Instructions for the task
Starting at the first line of the data and ending at the line with "Document page, 1241x1754 pixels.", copy each line exactly. Include both of those lines, but no pictures.
*** Opening of Input data ***
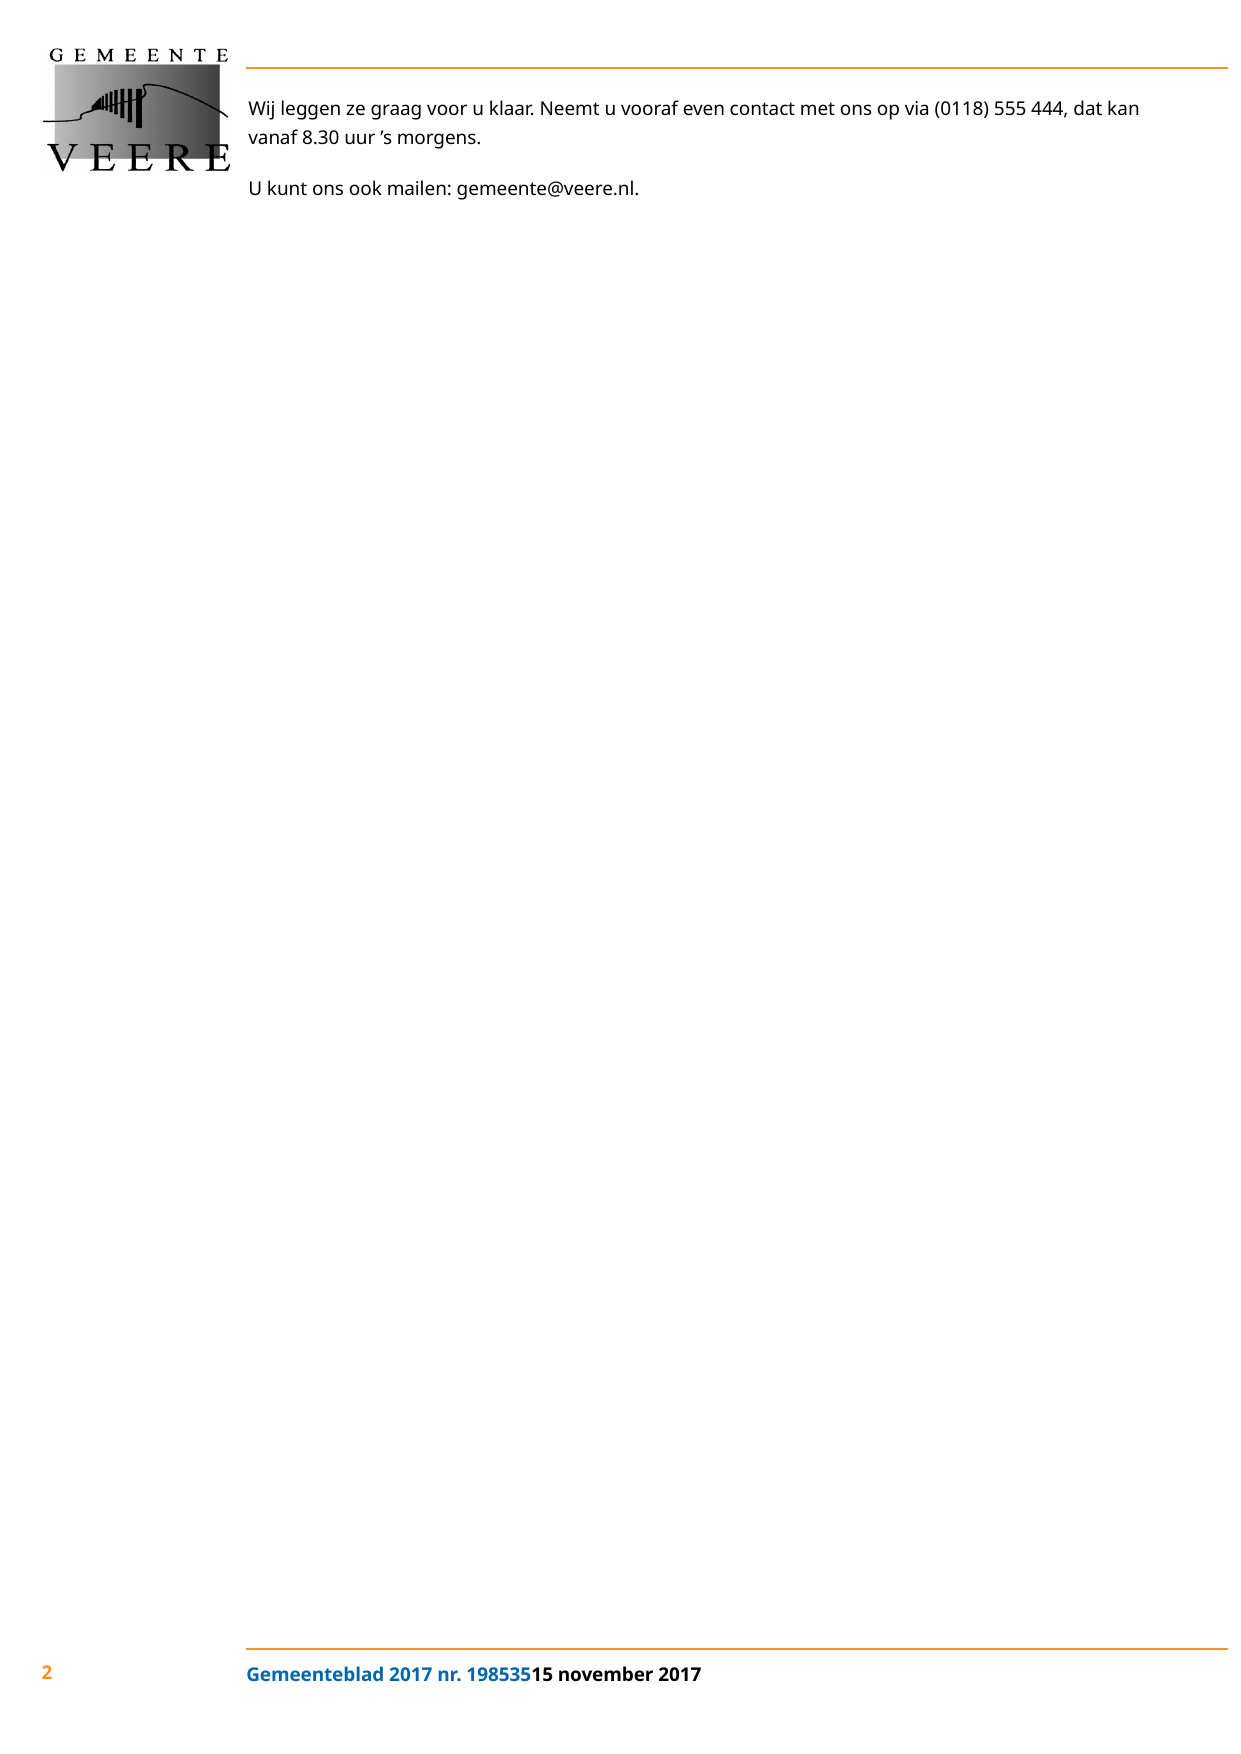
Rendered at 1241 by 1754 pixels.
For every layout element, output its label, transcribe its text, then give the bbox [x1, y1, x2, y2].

text U kunt ons ook mailen: gemeente@veere.nl. [248, 175, 1152, 201]
text Wij leggen ze graag voor u klaar. Neemt u vooraf even contact met ons op via (0118) 555 444, dat kan vanaf 8.30 uur ’s morgens. [248, 95, 1152, 150]
picture [41, 47, 231, 172]
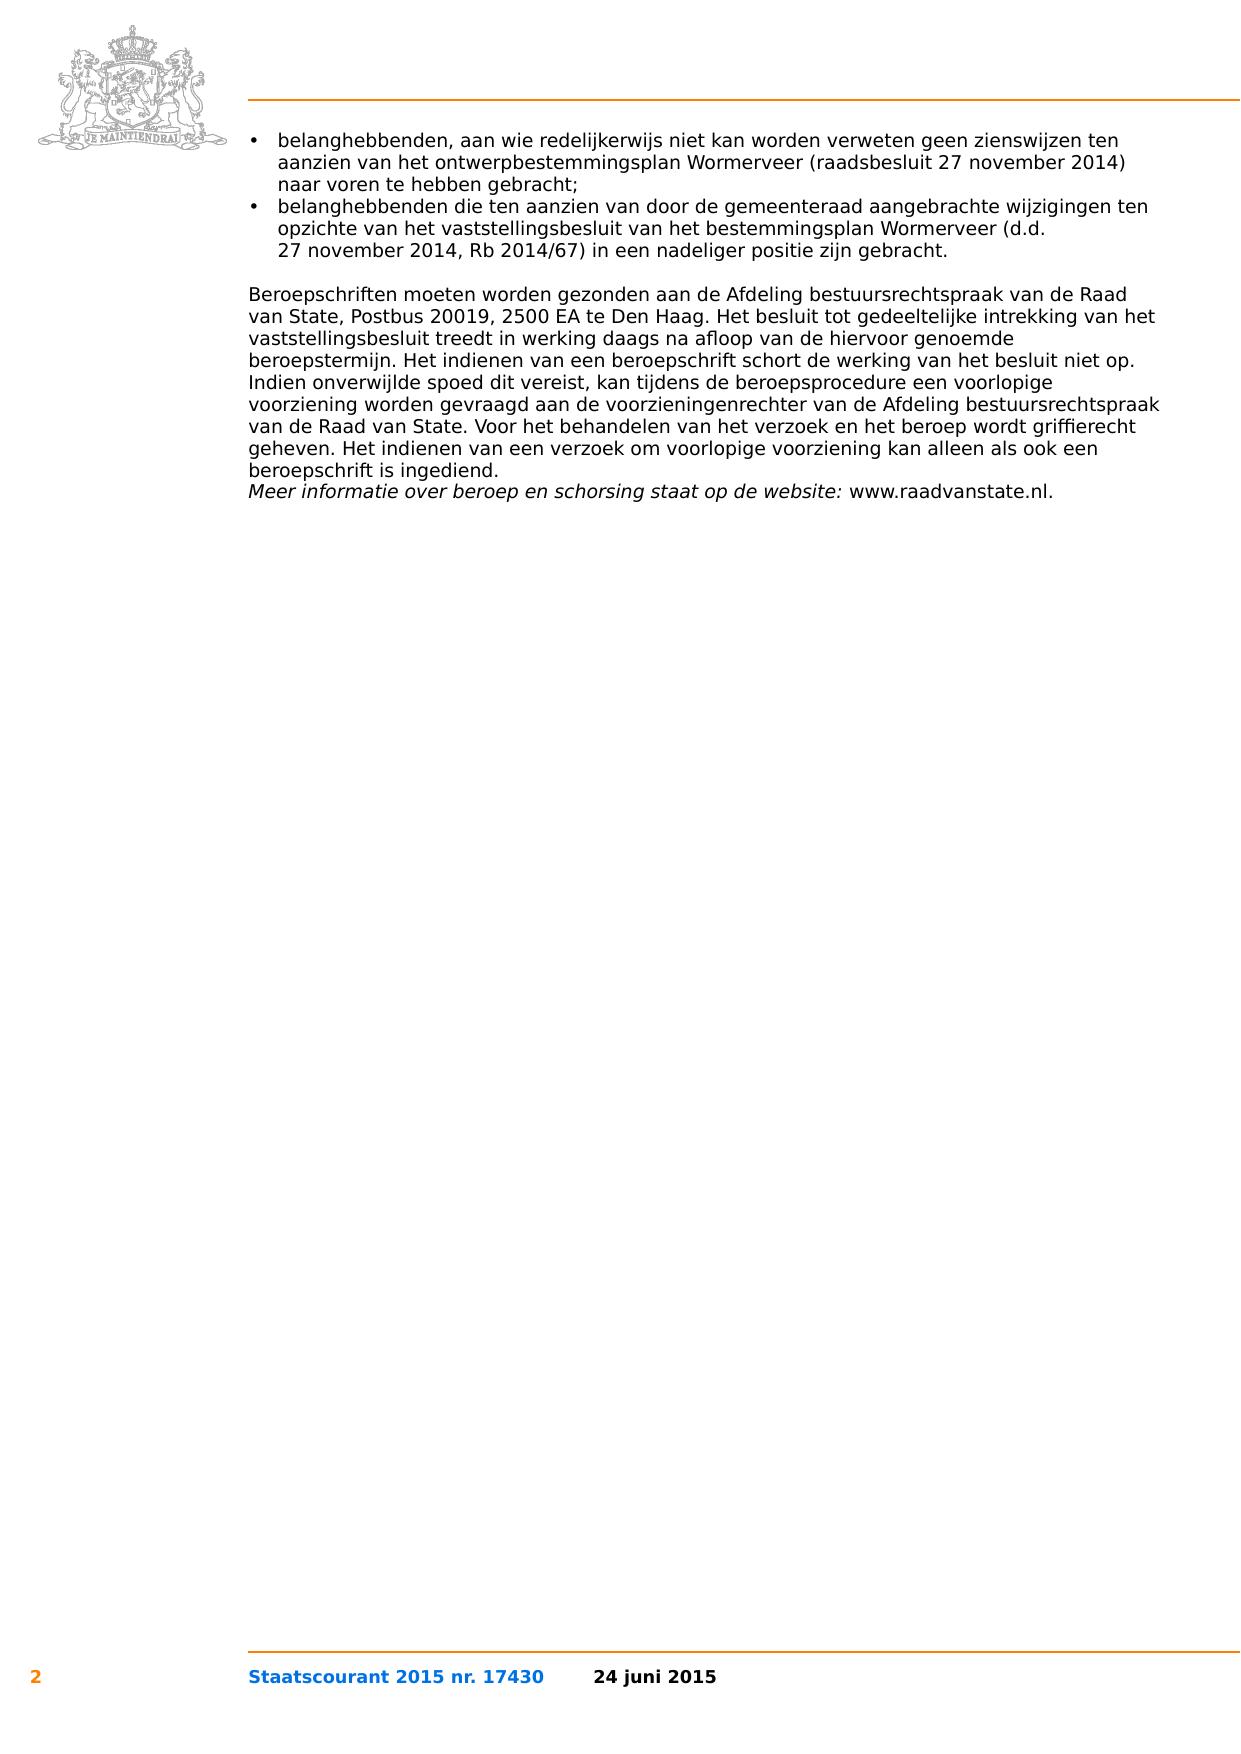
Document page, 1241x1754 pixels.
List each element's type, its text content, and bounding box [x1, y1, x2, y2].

text • belanghebbenden die ten aanzien van door de gemeenteraad aangebrachte wijzigingen ten opzichte van het vaststellingsbesluit van het bestemmingsplan Wormerveer (d.d. 27 november 2014, Rb 2014/67) in een nadeliger positie zijn gebracht. [248, 196, 1163, 262]
text Beroepschriften moeten worden gezonden aan de Afdeling bestuursrechtspraak van de Raad van State, Postbus 20019, 2500 EA te Den Haag. Het besluit tot gedeeltelijke intrekking van het vaststellingsbesluit treedt in werking daags na afloop van de hiervoor genoemde beroepstermijn. Het indienen van een beroepschrift schort de werking van het besluit niet op. Indien onverwijlde spoed dit vereist, kan tijdens de beroepsprocedure een voorlopige voorziening worden gevraagd aan de voorzieningenrechter van de Afdeling bestuursrechtspraak van de Raad van State. Voor het behandelen van het verzoek en het beroep wordt griffierecht geheven. Het indienen van een verzoek om voorlopige voorziening kan alleen als ook een beroepschrift is ingediend. [248, 284, 1163, 481]
picture [38, 25, 227, 150]
text • belanghebbenden, aan wie redelijkerwijs niet kan worden verweten geen zienswijzen ten aanzien van het ontwerpbestemmingsplan Wormerveer (raadsbesluit 27 november 2014) naar voren te hebben gebracht; [248, 130, 1163, 196]
text Meer informatie over beroep en schorsing staat op de website: www.raadvanstate.nl. [248, 481, 1163, 503]
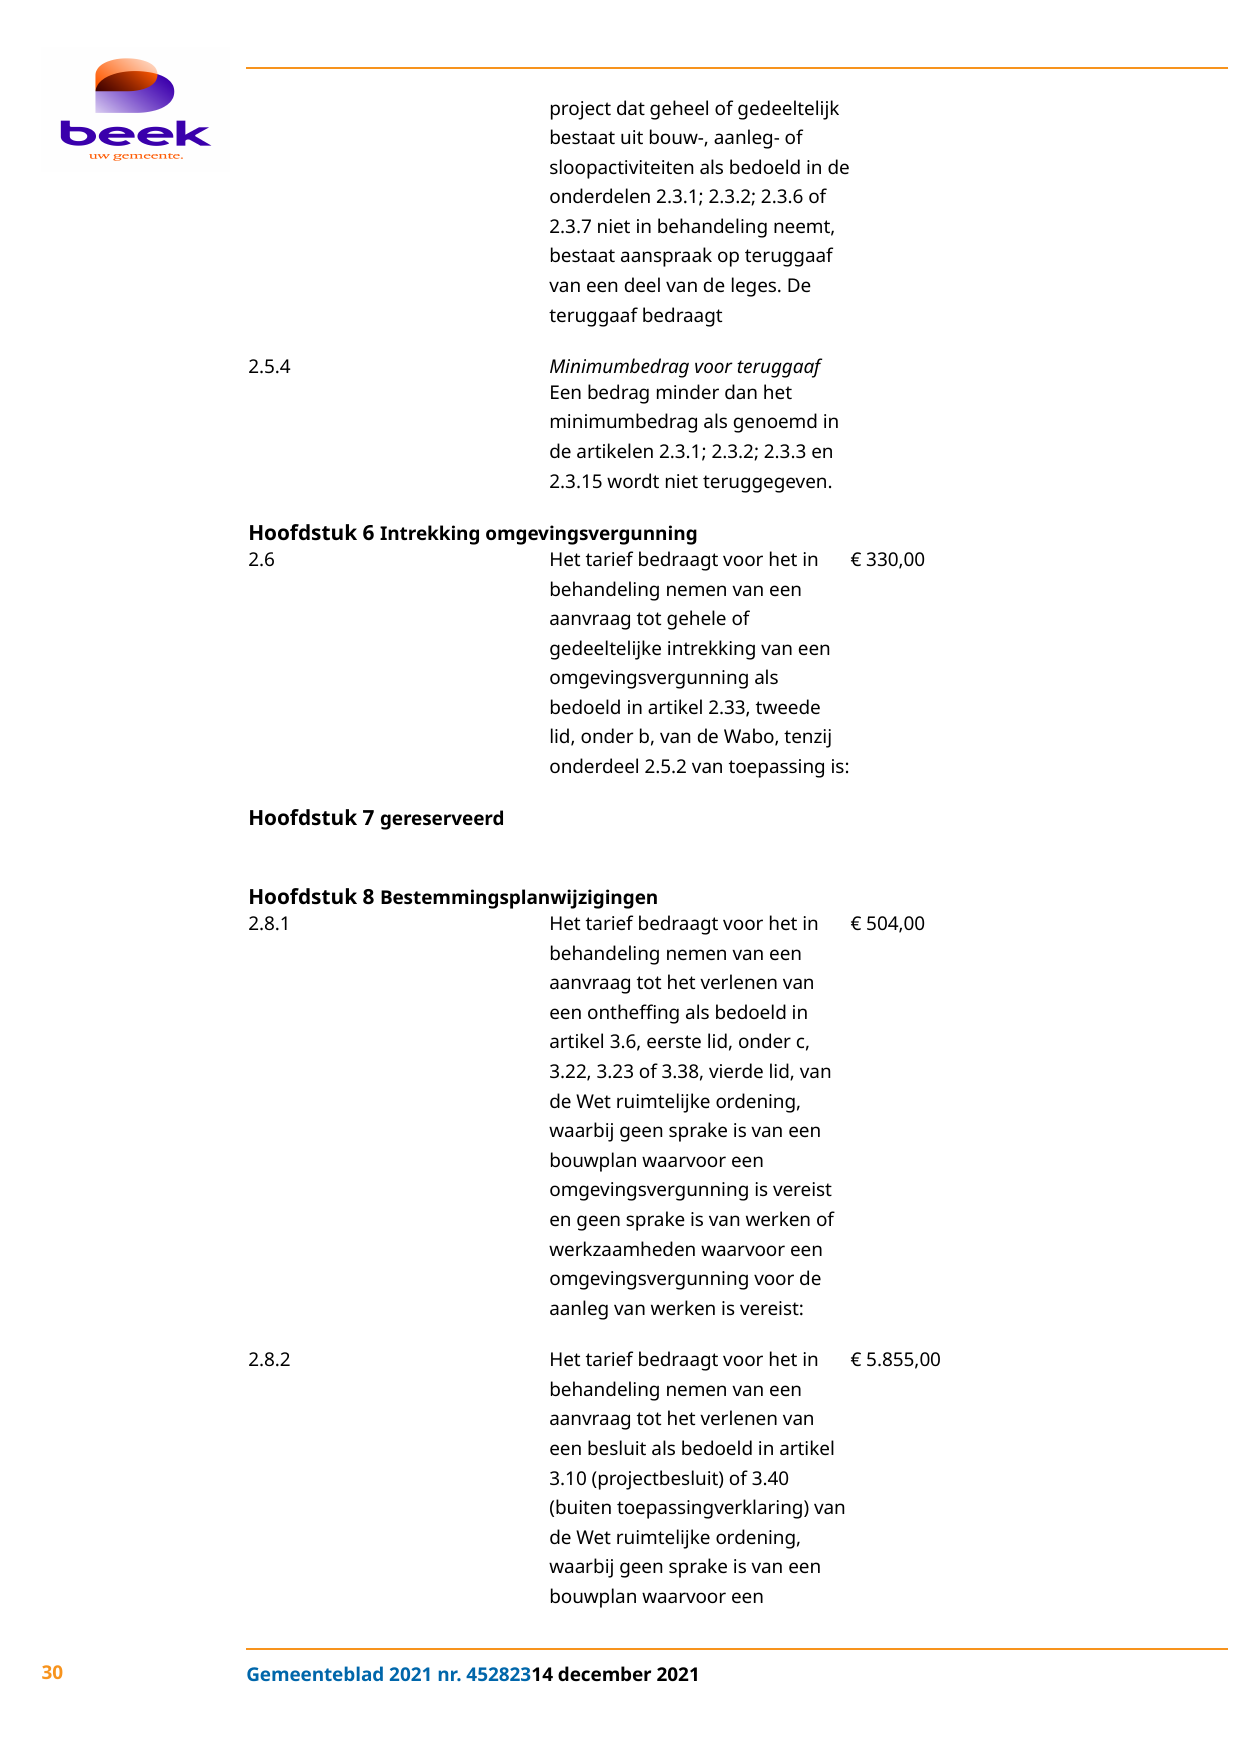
*** Close of Input data ***
The answer
Rendered at 1241 by 1754 pixels.
For every layout element, output its label, transcribe its text, then give the bbox [x1, y1, x2, y2].

text U kunt ons ook mailen: gemeente@veere.nl. [248, 175, 1152, 201]
text Wij leggen ze graag voor u klaar. Neemt u vooraf even contact met ons op via (0118) 555 444, dat kan vanaf 8.30 uur ’s morgens. [248, 95, 1152, 150]
picture [41, 47, 231, 172]
Document page, 1241x1754 pixels.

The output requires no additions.